The event, also known as the 32nd SEA Games, brings together more than 12,000 participants from 11 countries, with athletes competing in more than three dozen sports, including soccer, gymnastics, golf, martial arts, esports, and aquatics. The elaborate opening ceremony included music and dance, with lighting displays extending to the seating area and fireworks.
The games are being held from Friday through May 17 at a newly developed sport complex on the outskirts of the capital, Phnom Penh. Its centerpiece is the Chinese-built Morodok Techo National Stadium, with a capacity of 60,000.
The countries taking part are Brunei, Indonesia, Laos, Malaysia, Myanmar, the Philippines, Singapore, Thailand, Timor Leste, Vietnam and host Cambodia. All are members of the Association of Southeast Asian Nations except Timor Leste, which attained independence only in 2002 and is in the process of joining the regional grouping.
The games were first held in the Thai capital Bangkok in 1959, and were originally called the South East Asian Peninsular Games.
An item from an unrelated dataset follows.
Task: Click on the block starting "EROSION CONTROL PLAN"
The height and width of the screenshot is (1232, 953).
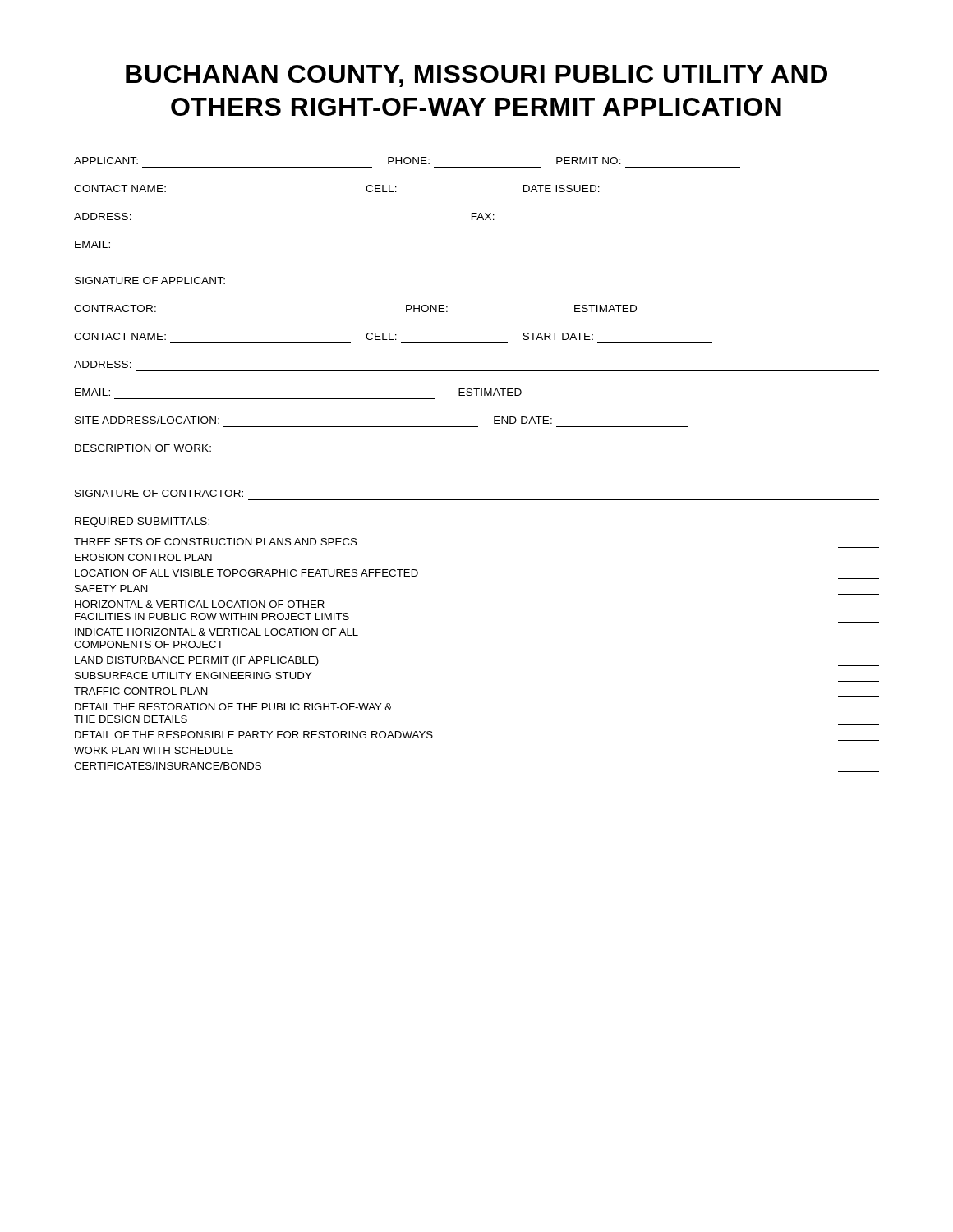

Cambodia was scheduled to host the event in 1963, but financial problems and political instability derailed the games.
One sport has drawn special attention this year, reflecting deep-seated cultural enmity between Cambodia and its bigger and richer western neighbor, Thailand, whose Thai boxing team is boycotting the games.
The ill feeling between the two countries has its roots from centuries ago, when they were two large and contending empires. In more modern times, the bad feeling has lingered, as Cambodia’s development, hindered by French colonialism and, in the 1970s, the brutal rule of the communist Khmer Rouge, has fallen well behind Thailand’s.
Cambodia on previous occasions had unsuccessfully suggested changing the official name of Thai boxing — a form of kickboxing — from Muay Thai to something with more neutral, less nationalistic connotations. This year, because it is hosting the games, it was able to take more direct action, listing the sport under the name Kun Khmer.
The action outraged Thai kickboxing enthusiasts and raised diplomatic hackles, to the extent that Thailand’s Prime Minister Prayuth Chan-ocha stepped in to call, in vain, for an end to the “pointless” bickering.
Neither country’s sporting council would back down, however, and Thailand decided to keep its kickboxers out of the competition. It said it was justified because the sport is supervised by International Federation of Muaythai Associations, which in turn is recognized by the International Olympic Committee.
Cambodia has treated the event as an opportunity to burnish its regional and international image.
Prime Minister Hun Sen in late March announced that free tickets would be distributed for all the game’s events, for foreigners as well as Cambodians, and international broadcasters would not be charged for live television coverage rights.
He also said that Cambodia will fully cover food and accommodation expenses for the participating sports delegations, declaring that previous host countries had levied a fee of $50 per person per day for such services.
This report has been amended to delete a quote incorrectly attributed to a person identified as Pheng Vannak.